For Africa’s states to survive global warming relatively unscathed, temperatures cannot exceed a rise of more than 1.5°C. If they do, ecosystems will start to unravel and make life very complicated.
But African states have a problem: the world, through the United Nation’s Intergovernmental Panel on Climate Change, has agreed to do what it can to keep warming below 2°C.
That goal is enshrined in the Paris Agreement of 2015, which was signed by nearly 200 countries.
Even that looks like an optimistic target. Political crisis in the West means work to reduce carbon emissions has taken a back seat. In the United States, President Donald Trump is considering leaving the Paris Agreement.
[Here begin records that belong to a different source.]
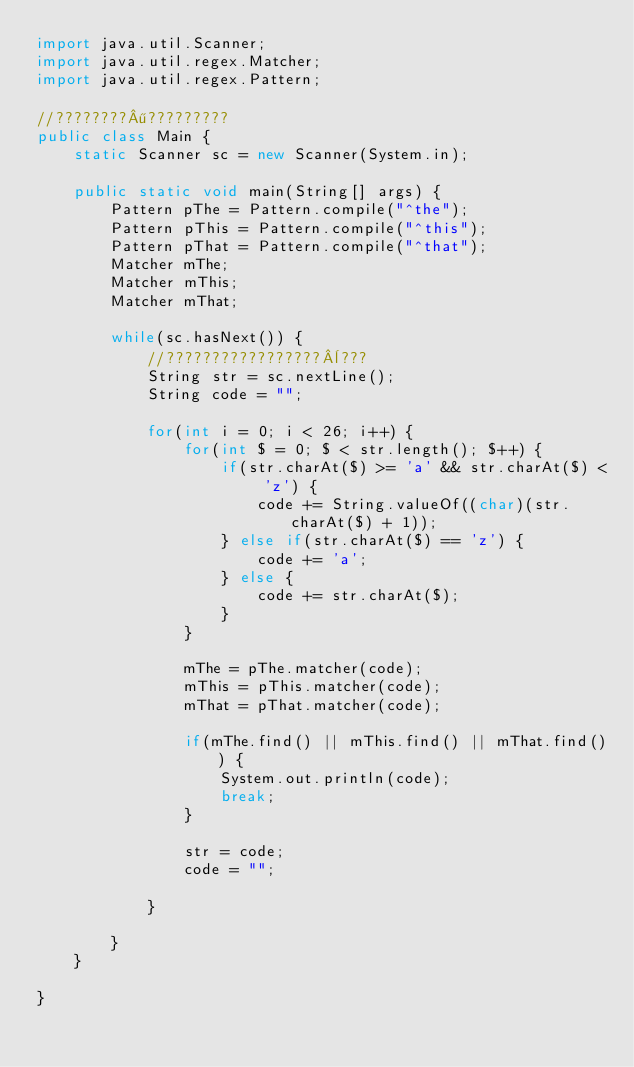<code> <loc_0><loc_0><loc_500><loc_500><_Java_>import java.util.Scanner;
import java.util.regex.Matcher;
import java.util.regex.Pattern;

//????????¶?????????
public class Main {
	static Scanner sc = new Scanner(System.in);

	public static void main(String[] args) {
		Pattern pThe = Pattern.compile("^the");
		Pattern pThis = Pattern.compile("^this");
		Pattern pThat = Pattern.compile("^that");
		Matcher mThe;
		Matcher mThis;
		Matcher mThat;

		while(sc.hasNext()) {
			//?????????????????¨???
			String str = sc.nextLine();
			String code = "";

			for(int i = 0; i < 26; i++) {
				for(int $ = 0; $ < str.length(); $++) {
					if(str.charAt($) >= 'a' && str.charAt($) < 'z') {
						code += String.valueOf((char)(str.charAt($) + 1));
					} else if(str.charAt($) == 'z') {
						code += 'a';
					} else {
						code += str.charAt($);
					}
				}

				mThe = pThe.matcher(code);
				mThis = pThis.matcher(code);
				mThat = pThat.matcher(code);

				if(mThe.find() || mThis.find() || mThat.find()) {
					System.out.println(code);
					break;
				}

				str = code;
				code = "";

			}

		}
	}

}</code> 
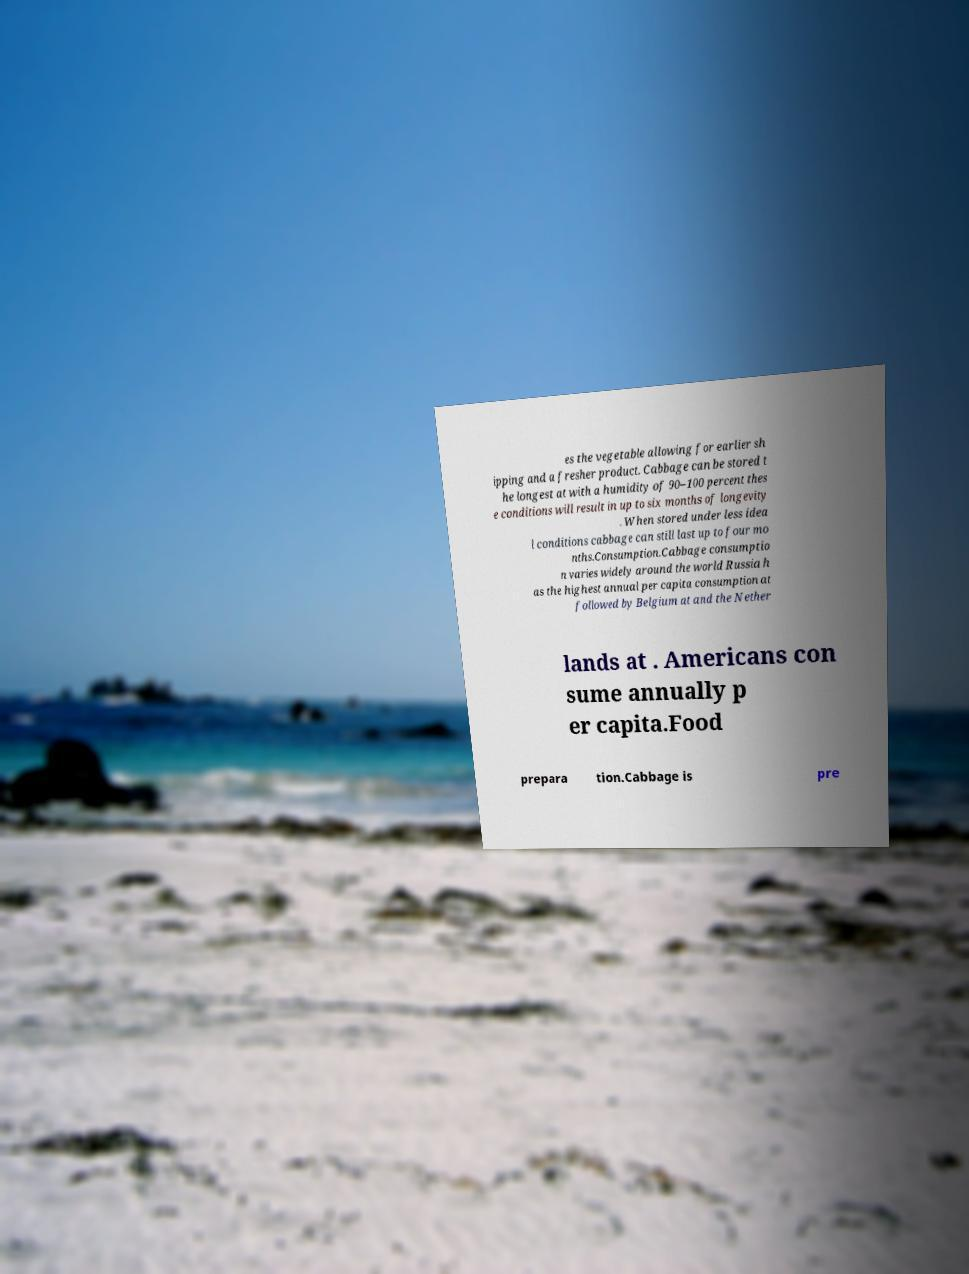Please read and relay the text visible in this image. What does it say? es the vegetable allowing for earlier sh ipping and a fresher product. Cabbage can be stored t he longest at with a humidity of 90–100 percent thes e conditions will result in up to six months of longevity . When stored under less idea l conditions cabbage can still last up to four mo nths.Consumption.Cabbage consumptio n varies widely around the world Russia h as the highest annual per capita consumption at followed by Belgium at and the Nether lands at . Americans con sume annually p er capita.Food prepara tion.Cabbage is pre 
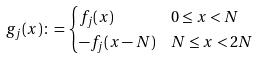<formula> <loc_0><loc_0><loc_500><loc_500>g _ { j } ( x ) & \colon = \begin{cases} f _ { j } ( x ) & 0 \leq x < N \\ - f _ { j } ( x - N ) & N \leq x < 2 N \end{cases}</formula> 
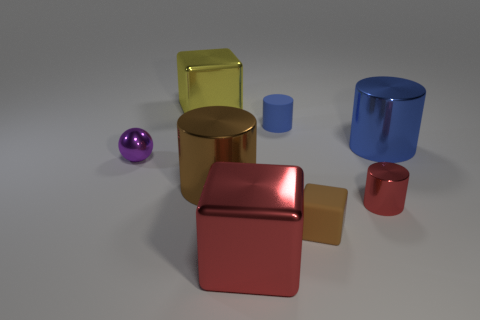Subtract all brown cylinders. How many cylinders are left? 3 Subtract all tiny matte cylinders. How many cylinders are left? 3 Subtract 2 cylinders. How many cylinders are left? 2 Add 2 yellow shiny objects. How many objects exist? 10 Subtract all yellow cylinders. Subtract all yellow spheres. How many cylinders are left? 4 Subtract all spheres. How many objects are left? 7 Add 4 big blue objects. How many big blue objects are left? 5 Add 7 tiny balls. How many tiny balls exist? 8 Subtract 1 brown cylinders. How many objects are left? 7 Subtract all purple metallic cubes. Subtract all blue cylinders. How many objects are left? 6 
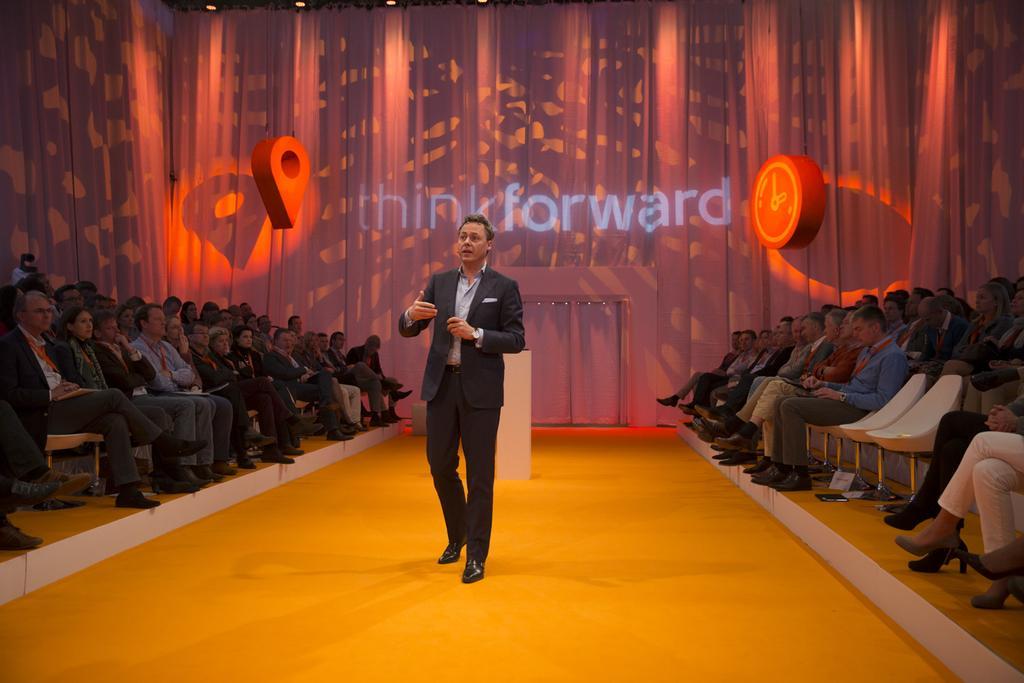In one or two sentences, can you explain what this image depicts? In the picture we can see a man standing on the floor and talking something, he is with a black blazer, and shirt and both the sides of him we can see people are sitting on the chairs and watching him and in the background we can see a wall with some designs and name on it as think forward. 
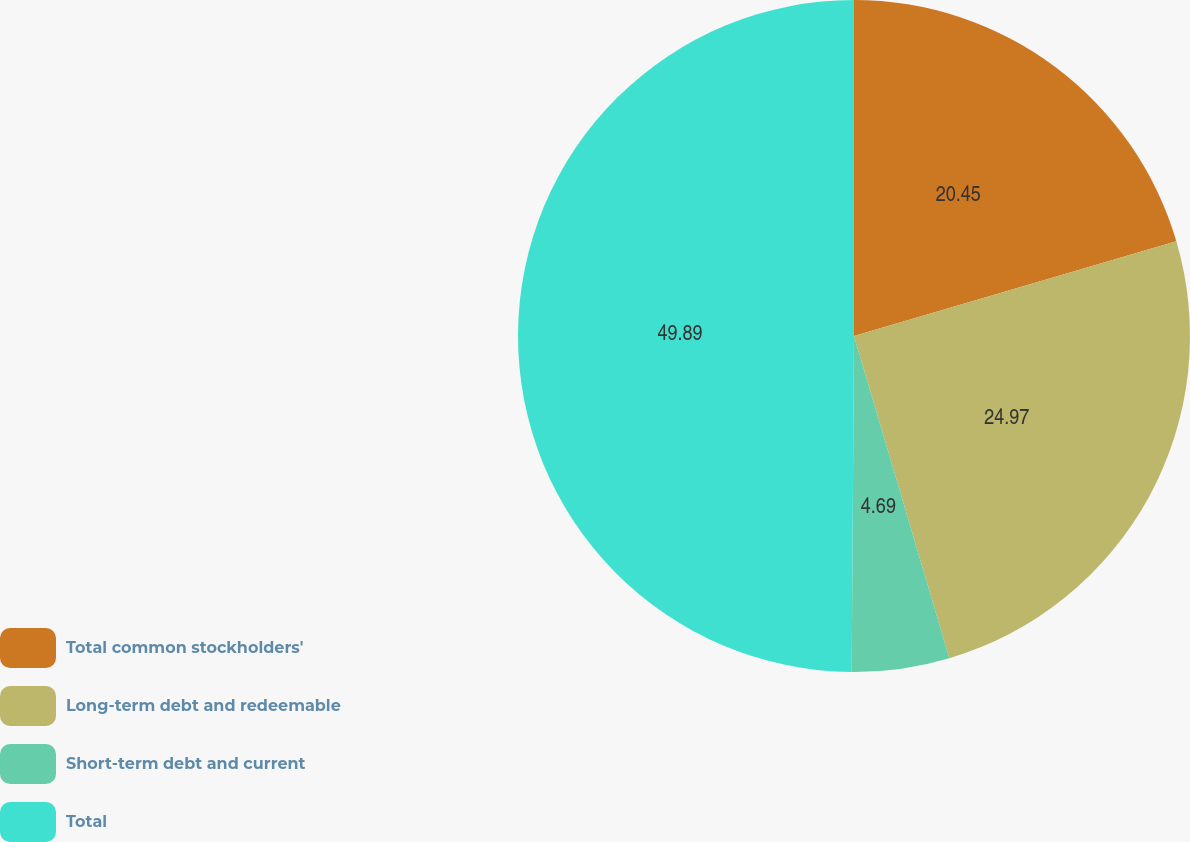<chart> <loc_0><loc_0><loc_500><loc_500><pie_chart><fcel>Total common stockholders'<fcel>Long-term debt and redeemable<fcel>Short-term debt and current<fcel>Total<nl><fcel>20.45%<fcel>24.97%<fcel>4.69%<fcel>49.89%<nl></chart> 
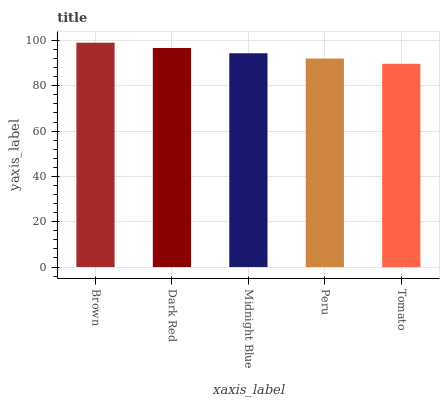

And now, new research shows that African states have even less time than scientists previously thought to prepare for a warmer world. The research article, titled Trajectories towards the 1.5°C Paris Target: Modulation by the Interdecadal Pacific Oscillation, from the University of Melbourne in Australia, looked at this lesser-known weather system in the Pacific Ocean.
The Pacific oscillation happens in the same areas as El Niño, the phenomenon that rapidly warms the Pacific and drives droughts and floods across the world. But El Niño only lasts one to two years. The Pacific oscillation lasts a decade or more, either warming or cooling the planet.
Since 2000, it has helped to cool the planet. This has come at a time of rapid global warming, mostly as a result of people pumping out carbon emissions and trapping heat in the atmosphere.
The past three years have each consecutively taken the record for the hottest ever.
Last year’s El Niño helped to exacerbate this, creating conditions such as crop failure in Southern Africa. Half of South Africa’s critical maize crop failed.
Little attention has been given to the Pacific oscillation. Now, because of the growing concern of what a 1.5°C warming will do to Africa, an increasing body of research is being done to discover what happens if the world overshoots that mark.
Some of the research has already worked out that the Pacific oscillation is moving towards a warming phase. Most predictions were that this would drive the world towards being 1.5°C hotter by the 2030s.
The Melbourne research brings this date forward by at least half a decade to 2026.
That’s a serious problem for African states, where citizens are already vulnerable to climate shocks when factors such as rainfall patterns suddenly change. These states are consistently ranked as among the most vulnerable in the world to climate change.
Last year’s El Niño exposed this vulnerability. In Southern Africa, less rainfall meant crop failures and tens of millions of people going hungry.
Countries had to declare disasters to get aid in the form of food. In East Africa, cholera cases increased by 50 000, because of the floods that occur when El Niño arrives.
Research has also linked these sudden changes in temperature and weather to an increase in violence across the continent.
Lake Chad is an acute example of this, where militias use the lake’s dwindling water supplies — it has shrunk by 90% in half a century — to exercise power in surrounding countries, such as Niger.
Floods and droughts — and social consequences — make adapting to climate change critical for people across the continent.
This ranges from bringing irrigation to villages so they can farm in times of drought to improving sewerage so cholera is less of a problem when it floods.
But this takes time. The Melbourne research has shaved six years or more off the time left to adapt.